我正在编写 Python 程序来计算
m[i]
的总和,这是 A[0], A[1], ..., A[i]
值中的 (i//3+1)th最小值,使用 maxHeap 和 minHeap。
这是我写的代码。
import heapq
def find_m(A):
n = len(A)
min_heap = []
max_heap = []
m = []
for i in range(n):
if len(max_heap) < i // 3 + 1:
heapq.heappush(max_heap, -A[i])
else:
if A[i] < -max_heap[0]:
heapq.heappush(min_heap, -heapq.heappop(max_heap))
heapq.heappush(max_heap, -A[i])
else:
heapq.heappush(min_heap, A[i])
m.append(-max_heap[0])
return sum(m)
_list = [11, 12, -20, 14, -10, -8, -7, -6, -4, -2]
print(find_m(_list))
预期产出:
-38
我得到的输出是:
-27
应该已经总结的值(
m
)是:
11, 11, -20, 11, -10, -10, -8, -8, -8, -7
但是我发现我的代码添加了这些值:
11, 11, -20, 14, -10, -10, -7, -7, -7, -2
我的意图是将较小的值存储在最大堆中,其大小应为
i//3+1
,并将较大的值存储在最小堆中。这样,最大堆的根应该始终具有所需的值。
很明显,在处理值 14 的那一刻出了问题。
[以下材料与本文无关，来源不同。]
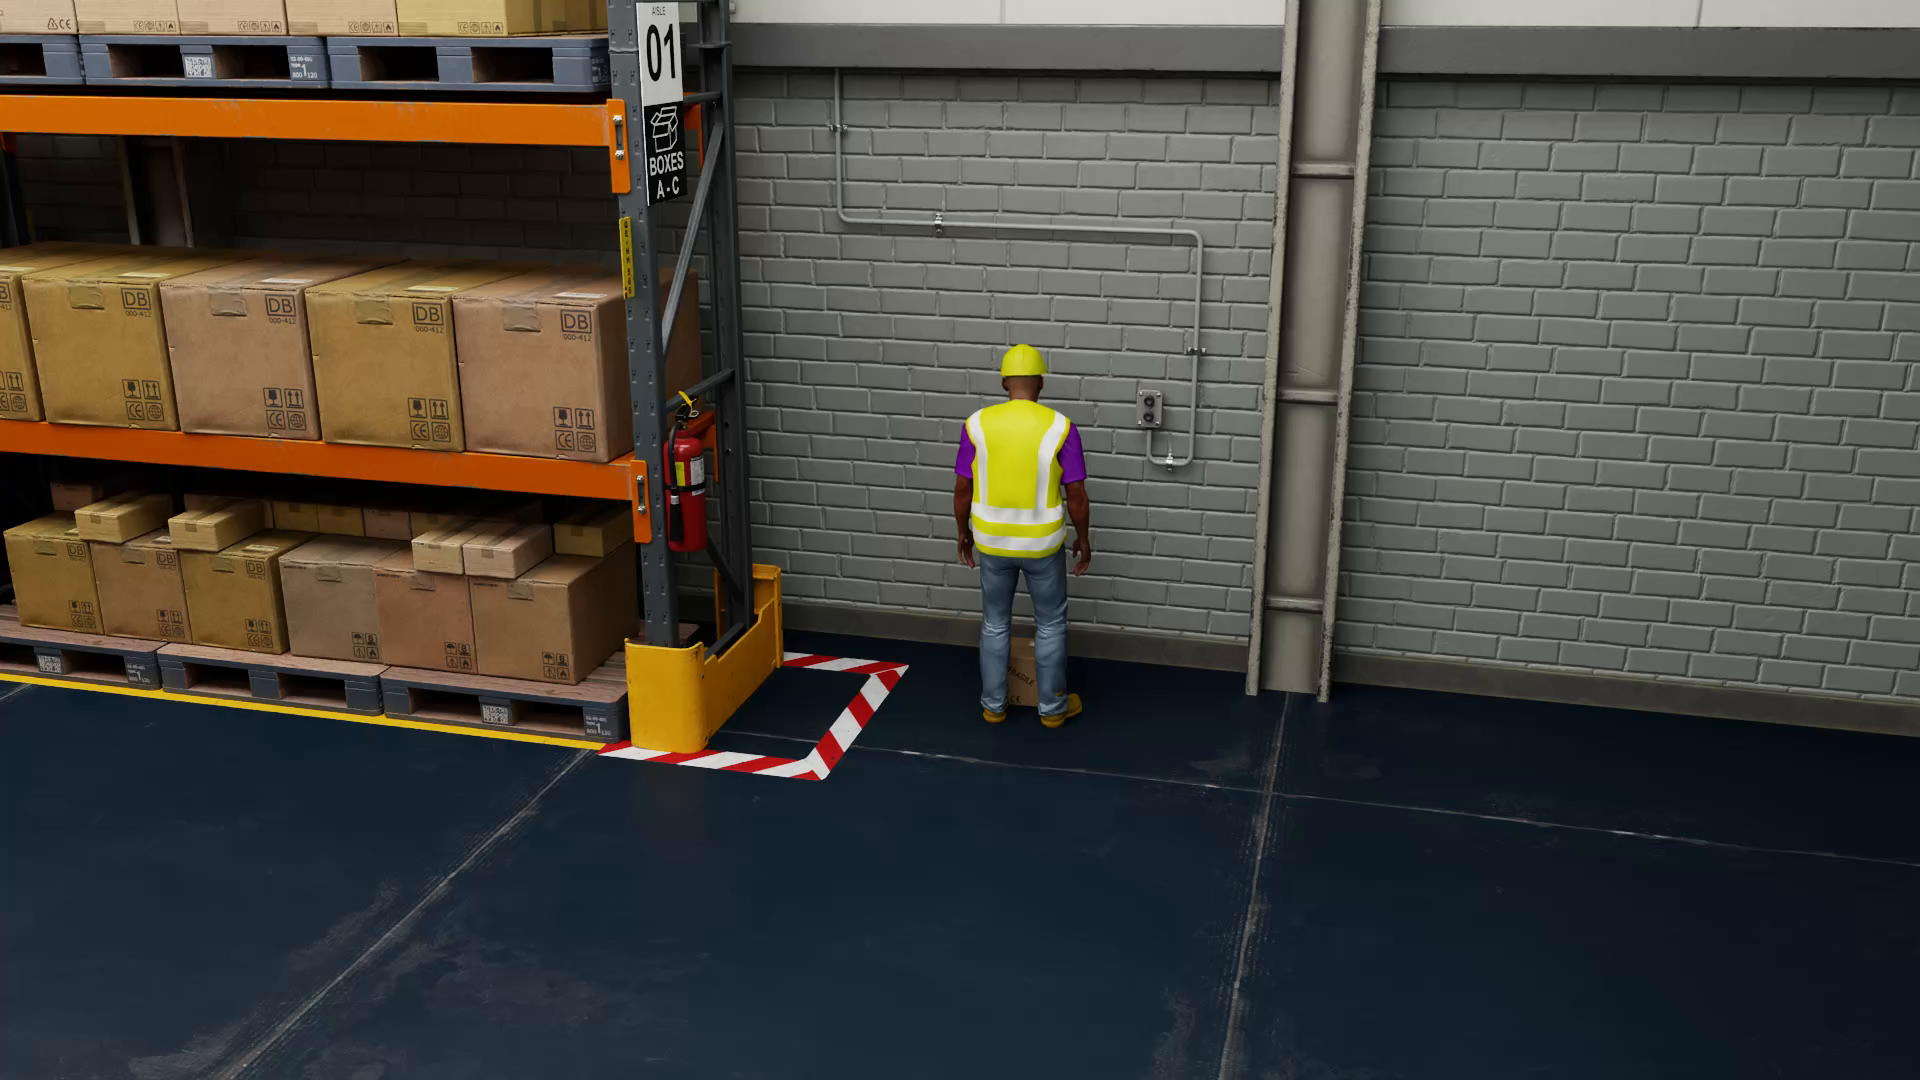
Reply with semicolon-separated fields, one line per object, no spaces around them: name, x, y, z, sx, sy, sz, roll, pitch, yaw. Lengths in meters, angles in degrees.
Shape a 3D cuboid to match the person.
person;0.287;-0.011;7.562;0.626;1.760;0.461;5;19;14

该值已添加到结果中,而应该添加 11。
我犯了什么错误?
每时每刻都必须确保两个堆的根处于正确的关系中,即当两个堆都非空时,必须确保以下不变量:
-max_heap[0] <= min_heap[0]
您的代码并不总是这样做。例如,在第一个
if
块中,一个值被添加到最大堆中,但结果可能违反了上述不变量。这是在您的示例中添加值 14 时的情况,因为此时最大堆的元素太少(因此它需要一个),但最小堆的根值为 12,因此它确实应该是该值 12被移动到最大堆。最终的else
块可能会出现类似的问题(在相反的意义上)。
这里是更正:
def find_m(A):
min_heap = []
max_heap = []
m = []
for i, value in enumerate(A): # Use enumerate to get both the index and the value
if len(max_heap) < i // 3 + 1:
# If current value would cause a violation of the invariant, exchange it
# with the minimum value in the min heap
if min_heap and value > min_heap[0]:
value = heapq.heappushpop(min_heap, value)
heapq.heappush(max_heap, -value)
else:
# If current value would cause a violation of the invariant, exchange it
# with the maximum value in the max heap
if value < -max_heap[0]:
value = -heapq.heappushpop(max_heap, -value)
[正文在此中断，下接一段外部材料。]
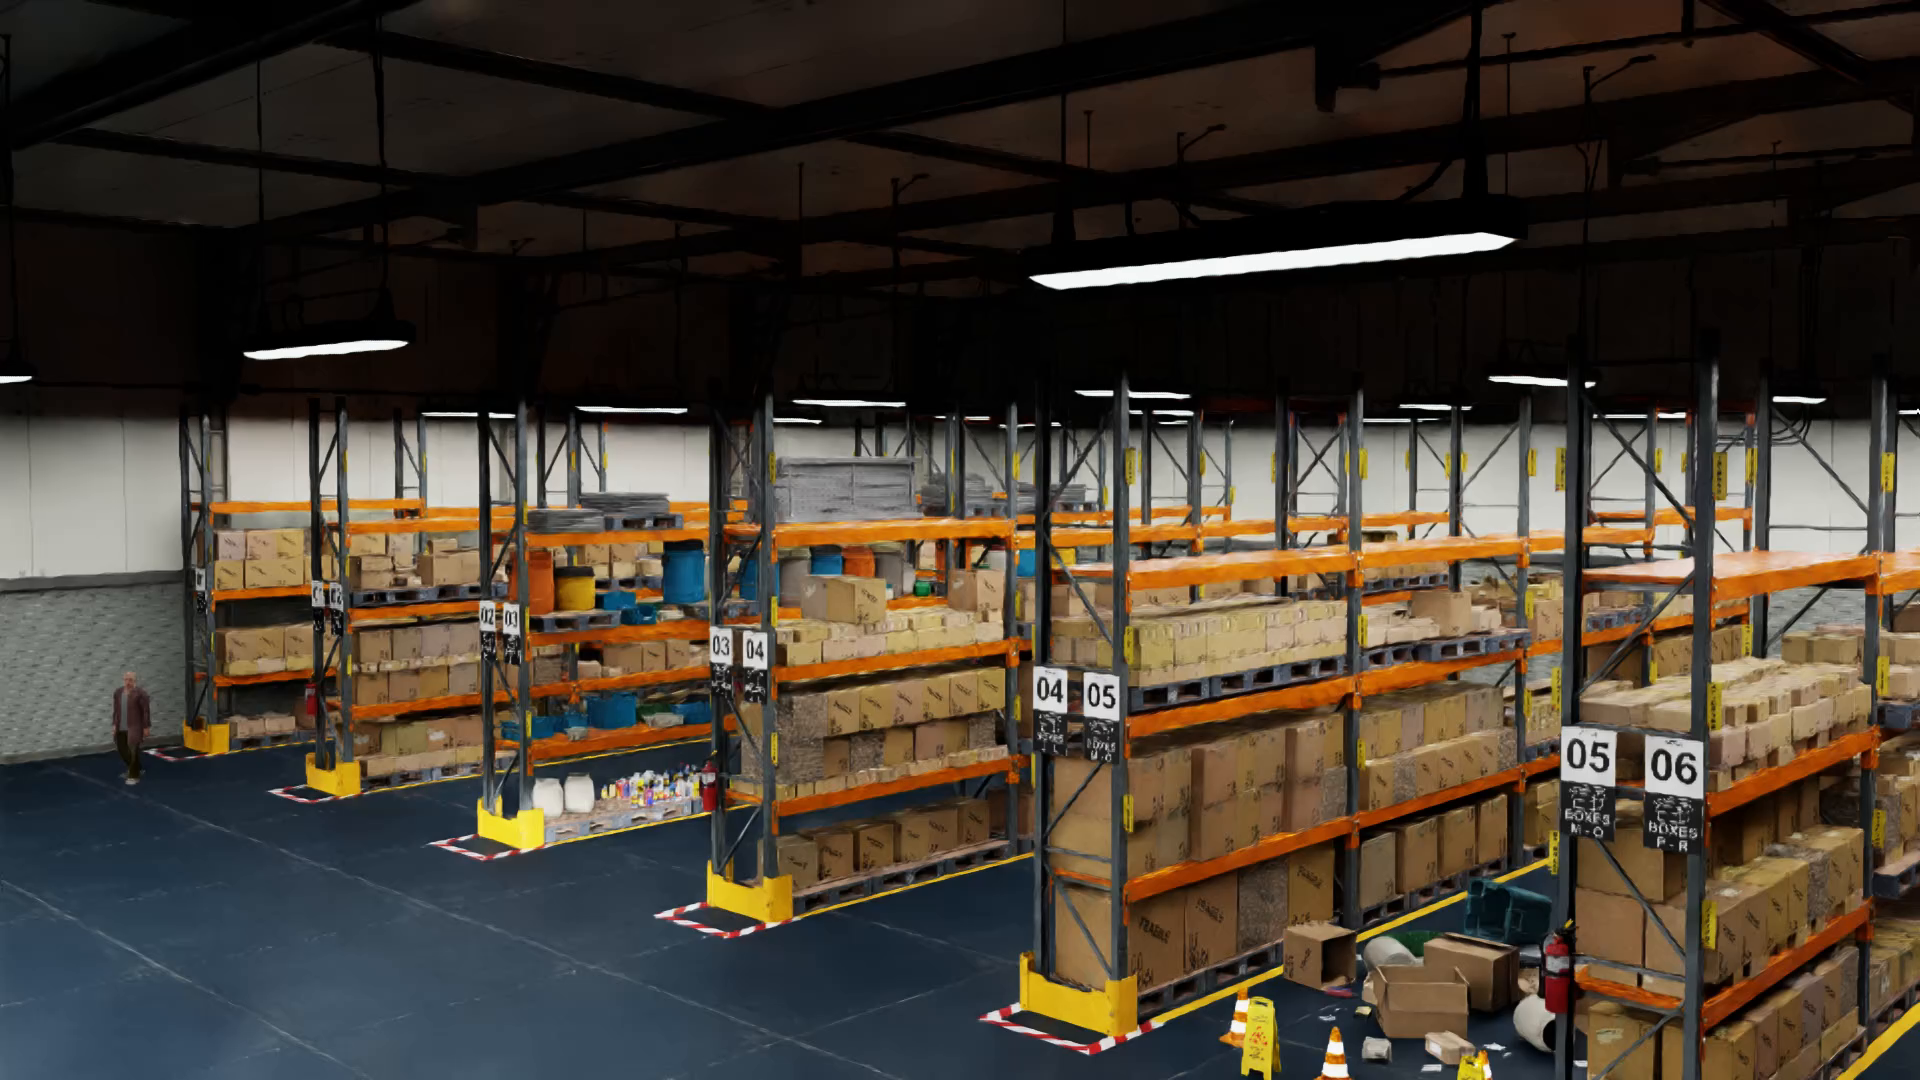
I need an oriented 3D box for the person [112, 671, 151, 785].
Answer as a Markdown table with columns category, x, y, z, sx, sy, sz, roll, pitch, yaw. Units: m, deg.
| category | x | y | z | sx | sy | sz | roll | pitch | yaw |
| --- | --- | --- | --- | --- | --- | --- | --- | --- | --- |
| person | -12.945 | 2.914 | 26.030 | 0.622 | 1.767 | 0.617 | 0 | 3 | 9 |

heapq.heappush(min_heap, value)
m.append(-max_heap[0])
return sum(m)
确保 trincot 提到的不变量的另一种方法。我的
heappushpop(max_heap, -a)
确保 max_heap
仍然具有最小的数字,因此在推入 min_heap
之后,新数字被合并到堆中并且不变量保持不变。然后只需在需要时将一个号码从min_heap
转移到max_heap
即可。
from heapq import heappush, heappop, heappushpop
def find_m(A):
min_heap = []
max_heap = []
total = 0
for i, a in enumerate(A):
heappush(min_heap, -heappushpop(max_heap, -a))
if not i % 3:
heappush(max_heap, -heappop(min_heap))
total -= max_heap[0]
return total
# Your test
_list = [11, 12, -20, 14, -10, -8, -7, -6, -4, -2]
print(find_m(_list))
# Inefficient but obviously correct reference solution
def naive(A):
return sum(
sorted(A[:i+1])[i//3]
for i in range(len(A))
)
# Random tests
import random
for n in range(100):
for _ in range(10):
A = random.choices(range(1000), k=n)
expect = naive(A)
result = find_m(A)
assert result == expect
print ('done')
Benchmarks,出于好奇,有 100,000 个随机数:
66.58 ± 0.75 ms trincot4
69.71 ± 0.43 ms trincot2
70.01 ± 0.81 ms trincot3
78.47 ± 1.13 ms Kelly2
84.78 ± 0.90 ms Kelly
98.80 ± 1.66 ms trincot
代码(在线尝试!):
# my original
def Kelly(A):
min_heap = []
max_heap = []
total = 0
for i, a in enumerate(A):
heappush(min_heap, -heappushpop(max_heap, -a))
if not i % 3:
heappush(max_heap, -heappop(min_heap))
total -= max_heap[0]
return total
# optimized with local variables push/pop/pushpop
def Kelly2(A):
push, pop, pushpop = heappush, heappop, heappushpop
min_heap = []
max_heap = []
total = 0
for i, a in enumerate(A):
push(min_heap, -pushpop(max_heap, -a))
if not i % 3:
push(max_heap, -pop(min_heap))
total -= max_heap[0]
return total
# trincot's original
def trincot(A):
min_heap = []
max_heap = []
m = []
for i, value in enumerate(A): # Use enumerate to get both the index and the value
if len(max_heap) < i // 3 + 1:
# If current value would cause a violation of the invariant, exchange it
# with the minimum value in the min heap
if min_heap and value > min_heap[0]:
value = heapq.heappushpop(min_heap, value)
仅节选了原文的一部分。